The important part of the Duane Carrier story that I forget, though, is why nobody else (and by “nobody else” I principally mean me) stood up for Duane. Part of the reason is no doubt that I was afraid of John Carlin. I forget why I was afraid of him except that, since he pushed Duane down and then stepped on him, I guess he was the kind of person to fear, especially as a smaller than average eighth grader. The other part of the story, which is even less flattering, insofar as there is anything less flattering than cowardice, is that I didn’t particularly like Duane. I was not alone in this. Duane was not well-liked. In fact, Duane was disliked, for obscure reasons that I’m sure nobody who was in that school at that time could explain and, if they could have explained themselves then, they have all forgotten.
And this the genius of the forgetoir genre. This is where the forgetoir finds truth where the memoir finds excuse.
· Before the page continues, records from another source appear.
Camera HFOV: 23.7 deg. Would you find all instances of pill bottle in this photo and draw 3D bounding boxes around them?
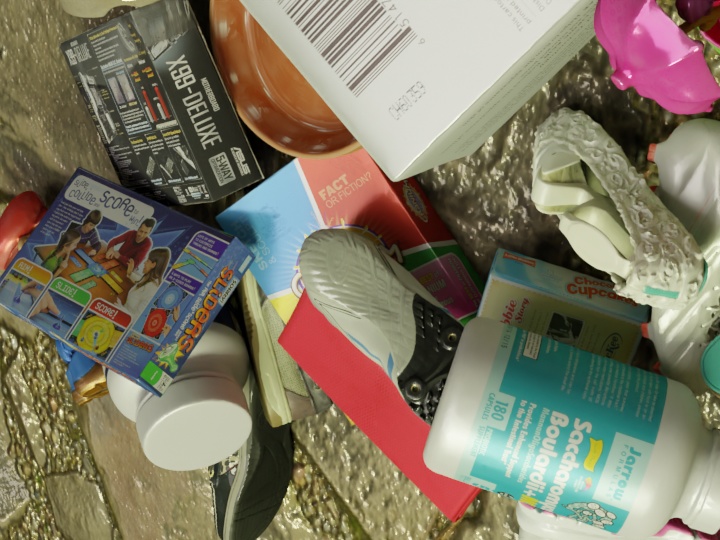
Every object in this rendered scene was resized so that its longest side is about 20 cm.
[{"bbox_3d":[0.150,0.111,1.141,0.200,0.111,0.111,18,128,4],"label":"pill bottle"},{"bbox_3d":[-0.157,0.060,1.419,0.120,0.120,0.200,113,146,-42],"label":"pill bottle"}]

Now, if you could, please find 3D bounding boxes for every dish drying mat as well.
[{"bbox_3d":[0.019,0.100,1.304,0.200,0.018,0.077,45,139,14],"label":"dish drying mat"}]

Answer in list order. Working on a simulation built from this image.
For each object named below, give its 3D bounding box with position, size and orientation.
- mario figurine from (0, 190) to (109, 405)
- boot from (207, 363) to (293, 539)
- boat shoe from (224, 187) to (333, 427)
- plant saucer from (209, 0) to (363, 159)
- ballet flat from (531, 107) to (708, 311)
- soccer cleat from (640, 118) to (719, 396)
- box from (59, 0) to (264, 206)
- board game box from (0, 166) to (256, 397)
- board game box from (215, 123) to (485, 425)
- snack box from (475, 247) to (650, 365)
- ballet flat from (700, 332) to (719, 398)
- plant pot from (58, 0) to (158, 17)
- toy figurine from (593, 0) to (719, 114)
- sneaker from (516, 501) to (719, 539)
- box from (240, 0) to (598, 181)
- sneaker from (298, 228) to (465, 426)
[{"bbox_3d":[-0.262,0.014,1.577,0.123,0.106,0.200,-31,82,37],"label":"mario figurine"},{"bbox_3d":[-0.137,0.137,1.543,0.154,0.073,0.204,26,123,31],"label":"boot"},{"bbox_3d":[-0.067,0.026,1.421,0.072,0.066,0.201,154,105,-80],"label":"boat shoe"},{"bbox_3d":[-0.031,-0.183,1.259,0.200,0.032,0.200,9,105,39],"label":"plant saucer"},{"bbox_3d":[0.152,-0.045,1.120,0.200,0.072,0.072,-126,34,-47],"label":"ballet flat"},{"bbox_3d":[0.232,-0.002,1.133,0.078,0.069,0.200,12,118,34],"label":"soccer cleat"},{"bbox_3d":[-0.164,-0.131,1.378,0.200,0.050,0.158,-2,113,65],"label":"box"},{"bbox_3d":[-0.194,0.005,1.372,0.200,0.135,0.034,25,166,39],"label":"board game box"},{"bbox_3d":[0.000,0.000,1.332,0.153,0.040,0.200,-34,89,32],"label":"board game box"},{"bbox_3d":[0.130,0.085,1.266,0.116,0.037,0.200,18,128,4],"label":"snack box"},{"bbox_3d":[0.309,0.040,1.083,0.200,0.065,0.071,-24,73,44],"label":"ballet flat"},{"bbox_3d":[-0.193,-0.298,1.271,0.200,0.200,0.184,7,130,39],"label":"plant pot"},{"bbox_3d":[0.213,-0.167,0.965,0.150,0.184,0.200,39,134,18],"label":"toy figurine"},{"bbox_3d":[0.197,0.201,1.219,0.200,0.081,0.088,11,115,-7],"label":"sneaker"},{"bbox_3d":[0.049,-0.198,1.097,0.200,0.131,0.199,-44,82,27],"label":"box"},{"bbox_3d":[0.033,0.046,1.253,0.072,0.072,0.200,-44,69,4],"label":"sneaker"}]
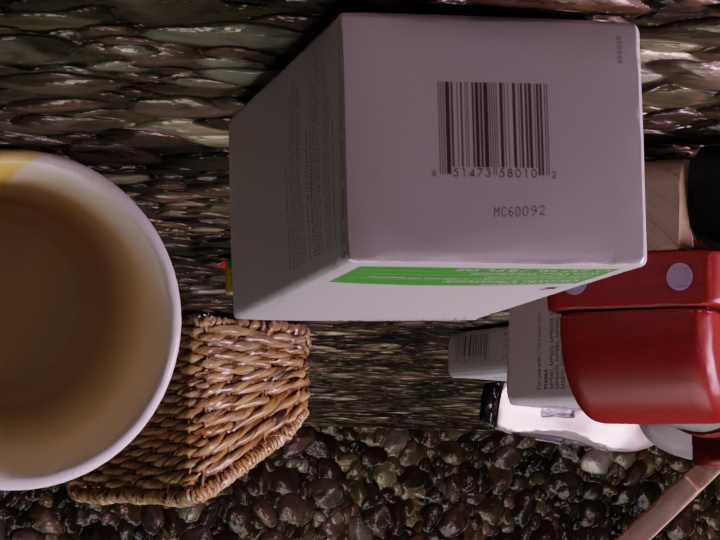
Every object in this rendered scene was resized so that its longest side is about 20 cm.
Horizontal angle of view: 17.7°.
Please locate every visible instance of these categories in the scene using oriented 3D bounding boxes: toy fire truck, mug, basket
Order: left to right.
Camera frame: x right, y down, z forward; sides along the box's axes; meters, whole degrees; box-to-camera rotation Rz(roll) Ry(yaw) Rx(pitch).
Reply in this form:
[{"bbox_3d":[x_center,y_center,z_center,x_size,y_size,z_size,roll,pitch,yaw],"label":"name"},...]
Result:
[{"bbox_3d":[-0.176,0.003,1.095,0.149,0.188,0.153,-30,-172,-8],"label":"mug"},{"bbox_3d":[-0.131,0.117,1.866,0.142,0.151,0.199,7,171,-39],"label":"basket"},{"bbox_3d":[0.134,0.055,1.042,0.128,0.202,0.176,-2,173,26],"label":"toy fire truck"}]

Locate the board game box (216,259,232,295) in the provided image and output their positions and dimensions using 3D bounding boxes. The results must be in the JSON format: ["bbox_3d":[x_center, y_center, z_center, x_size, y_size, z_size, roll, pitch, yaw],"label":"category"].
[{"bbox_3d":[0.000,0.000,1.370,0.095,0.030,0.199,6,174,-32],"label":"board game box"}]

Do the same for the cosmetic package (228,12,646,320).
[{"bbox_3d":[0.020,-0.032,0.828,0.107,0.086,0.200,0,173,-12],"label":"cosmetic package"}]

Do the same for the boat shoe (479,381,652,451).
[{"bbox_3d":[0.219,0.147,2.455,0.198,0.075,0.093,10,179,-10],"label":"boat shoe"}]

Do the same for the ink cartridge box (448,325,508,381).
[{"bbox_3d":[0.201,0.070,1.851,0.198,0.044,0.198,7,172,-25],"label":"ink cartridge box"}]

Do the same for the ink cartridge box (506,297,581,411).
[{"bbox_3d":[0.210,0.046,1.466,0.199,0.085,0.144,-5,172,36],"label":"ink cartridge box"}]

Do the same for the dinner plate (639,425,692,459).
[{"bbox_3d":[0.282,0.069,1.573,0.198,0.024,0.201,-16,-156,7],"label":"dinner plate"}]
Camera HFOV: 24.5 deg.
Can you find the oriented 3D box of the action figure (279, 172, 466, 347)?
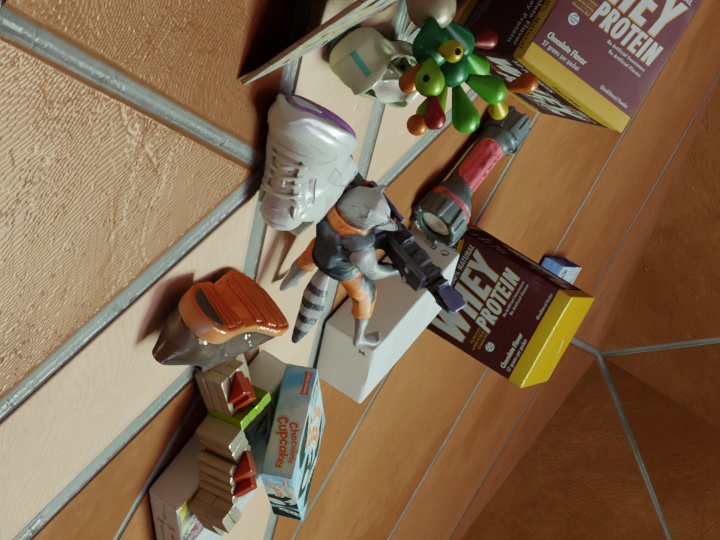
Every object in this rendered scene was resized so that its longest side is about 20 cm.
[{"bbox_3d":[0.000,0.000,1.578,0.104,0.200,0.195,-27,150,-32],"label":"action figure"}]

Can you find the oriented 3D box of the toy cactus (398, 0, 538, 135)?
[{"bbox_3d":[0.082,-0.206,1.498,0.200,0.101,0.167,-28,101,-59],"label":"toy cactus"}]

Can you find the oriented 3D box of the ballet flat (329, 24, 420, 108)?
[{"bbox_3d":[0.025,-0.178,1.528,0.070,0.069,0.200,-62,164,10],"label":"ballet flat"}]

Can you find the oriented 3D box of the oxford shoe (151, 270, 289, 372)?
[{"bbox_3d":[-0.128,0.049,1.501,0.073,0.072,0.200,-42,165,16],"label":"oxford shoe"}]

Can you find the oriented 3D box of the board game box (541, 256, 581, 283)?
[{"bbox_3d":[0.320,0.071,2.998,0.201,0.043,0.200,-62,165,7],"label":"board game box"}]

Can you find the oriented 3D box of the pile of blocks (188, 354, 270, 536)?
[{"bbox_3d":[-0.118,0.172,1.630,0.082,0.062,0.202,-21,123,-49],"label":"pile of blocks"}]

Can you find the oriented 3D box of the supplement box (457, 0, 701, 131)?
[{"bbox_3d":[0.220,-0.267,1.662,0.198,0.132,0.200,-58,-158,-1],"label":"supplement box"}]

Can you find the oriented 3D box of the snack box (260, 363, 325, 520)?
[{"bbox_3d":[-0.068,0.182,1.726,0.200,0.037,0.118,86,15,-70],"label":"snack box"}]

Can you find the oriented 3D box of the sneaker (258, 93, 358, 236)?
[{"bbox_3d":[-0.050,-0.086,1.447,0.100,0.074,0.200,-57,165,-10],"label":"sneaker"}]

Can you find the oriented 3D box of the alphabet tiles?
[{"bbox_3d":[0.009,-0.216,1.350,0.166,0.008,0.200,-29,-176,35],"label":"alphabet tiles"}]

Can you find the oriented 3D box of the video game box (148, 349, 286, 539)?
[{"bbox_3d":[-0.145,0.208,1.755,0.200,0.047,0.183,-51,164,-28],"label":"video game box"}]

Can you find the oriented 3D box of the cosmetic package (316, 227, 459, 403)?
[{"bbox_3d":[0.033,0.052,1.980,0.200,0.071,0.102,-47,161,-40],"label":"cosmetic package"}]

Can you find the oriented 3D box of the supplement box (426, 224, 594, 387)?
[{"bbox_3d":[0.179,0.042,2.185,0.134,0.199,0.197,-60,165,7],"label":"supplement box"}]

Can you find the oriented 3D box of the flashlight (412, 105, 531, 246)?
[{"bbox_3d":[0.141,-0.119,2.016,0.200,0.067,0.068,-51,158,-26],"label":"flashlight"}]
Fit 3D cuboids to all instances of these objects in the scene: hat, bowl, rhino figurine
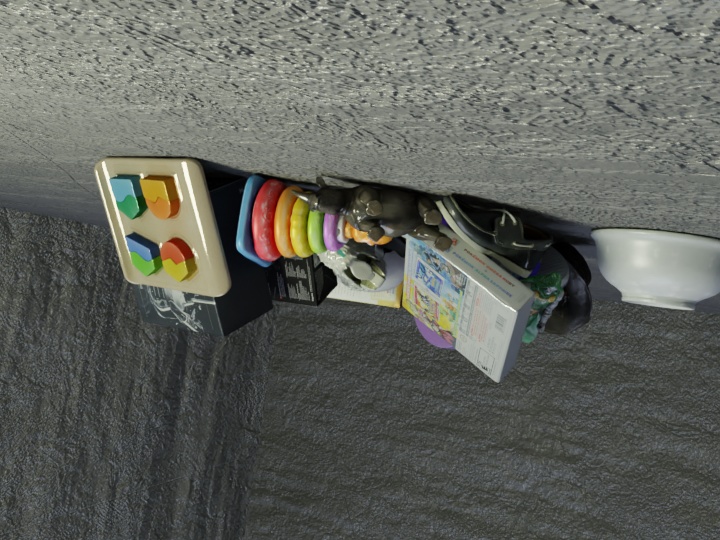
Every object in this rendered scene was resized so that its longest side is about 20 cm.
[{"bbox_3d":[0.308,0.005,1.500,0.081,0.201,0.201,-38,-159,-25],"label":"hat"},{"bbox_3d":[0.406,0.003,1.267,0.201,0.090,0.201,8,177,0],"label":"bowl"},{"bbox_3d":[0.011,-0.073,1.146,0.200,0.060,0.087,10,-160,-16],"label":"rhino figurine"}]

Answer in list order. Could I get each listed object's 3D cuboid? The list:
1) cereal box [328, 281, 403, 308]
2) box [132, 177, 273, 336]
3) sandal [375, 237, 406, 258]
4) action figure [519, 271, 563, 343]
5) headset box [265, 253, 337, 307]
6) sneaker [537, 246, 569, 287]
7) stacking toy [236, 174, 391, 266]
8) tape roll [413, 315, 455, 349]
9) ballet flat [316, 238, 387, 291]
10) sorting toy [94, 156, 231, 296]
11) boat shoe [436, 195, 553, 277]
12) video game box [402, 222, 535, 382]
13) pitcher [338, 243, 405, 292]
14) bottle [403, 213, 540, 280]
[{"bbox_3d":[-0.016,-0.018,1.662,0.200,0.144,0.040,9,179,8],"label":"cereal box"},{"bbox_3d":[-0.239,-0.026,1.332,0.182,0.200,0.104,5,-155,39],"label":"box"},{"bbox_3d":[0.020,-0.052,1.346,0.076,0.043,0.200,50,-171,19],"label":"sandal"},{"bbox_3d":[0.223,0.055,1.303,0.118,0.055,0.200,10,148,-14],"label":"action figure"},{"bbox_3d":[-0.144,-0.038,1.397,0.200,0.149,0.077,7,-150,25],"label":"headset box"},{"bbox_3d":[0.249,0.008,1.447,0.200,0.073,0.114,28,152,49],"label":"sneaker"},{"bbox_3d":[-0.053,-0.059,1.222,0.200,0.110,0.116,6,169,17],"label":"stacking toy"},{"bbox_3d":[0.181,0.043,1.701,0.066,0.200,0.200,11,177,-36],"label":"tape roll"},{"bbox_3d":[0.000,0.000,1.398,0.072,0.072,0.200,7,169,26],"label":"ballet flat"},{"bbox_3d":[-0.267,-0.057,1.239,0.200,0.185,0.036,5,-155,39],"label":"sorting toy"},{"bbox_3d":[0.169,-0.056,1.186,0.200,0.068,0.072,25,-152,-42],"label":"boat shoe"},{"bbox_3d":[0.137,0.040,1.258,0.182,0.047,0.200,37,155,21],"label":"video game box"},{"bbox_3d":[-0.029,-0.047,1.558,0.200,0.121,0.172,21,-169,-26],"label":"pitcher"},{"bbox_3d":[0.151,-0.030,1.320,0.200,0.084,0.065,25,-166,-15],"label":"bottle"}]

How can it be that every one of the 68 boys in Lyman C. Hunt Junior High in the Bicentennial year of our republic, some of whom actively bullied Duane Carrier and none of whom lifted a finger to stop the bullying, has forgotten why it is they singled out Duane for suffering? The one thing I do remember, is that this was through no fault of Duane’s. If Duane ever said an unkind word, I have forgotten it. I have for many years harbored the hope that, despite nobody standing up for Duane (again, for reasons everyone has forgotten), that he rose above his circumstances and finally realized his inner greatness.
That hope is somewhat dimished after a bit of research. The only Duane Carrier I have found who was 1) mentioned in my hometown newspaper and 2) my age (20 in 1983), made the paper not because he overcame the legacy of bullying to write a best-selling forgetoir, but because he was sentenced to two to five years “after being found guilty of seven charges including accessory to assault and robbery, possession of stolen property and simple assault. According to a police affadavit, Carrier and three others held a man, hit him in the head several times and took his wallet on Church street May 4. Carrier also snatched a purse containing $1,040” (Burlington Free Press, September 2, 1983, p. 18). He was identified as being from Milton, not Burlington, and I forget whether Duane might have moved out of Burlington or not. The silver lining there is that he apparently, by age 20, had three friends to pal around and assault with. I had hoped for better though.
There is one thing I do remember though, which is part of the reason I always hoped for better for Duane. If this were a memoir, I would recount it in detail. But for the purposes of this first fragment of forgetoir, I will be brief. When Tom Ryan’s father died of a heart attack, none of us knew what to say. Duane said “Tom, I’m really sorry to hear about your dad,” revealing the bullied kid to be the one person in the school who actually knew what to say (and speaking of forgetting, I forget why on earth none of the rest of us could think to say this one simple and appropriate thing). And for that reason alone, I hope that the assailant Duane Carrier is different from the bullied Duane Carrier. And, in fact, I always thought that the Duane Carrier I knew was Dwayne, not Duane. But once again, I forget how he spelled his name. I hope it was Dwayne.
The Dwayne Carrier story shows both the value and the challenge of the forgetoir — the only parts of the story that really matter to me 41 years later are the parts that I’ve forgotten. A memoir, recounting the parts I remember, would lie dead on the page, revealing nothing about me.
So I am convinced that the time is ripe for the forgetoir, but only in the hands of a true master. As I have discovered in gathering notes, piecing together all the important things I’ve forgotten into one cohesive narrative is not as easy as it sounds. For starters, there’s the fact that I’ve forgotten them.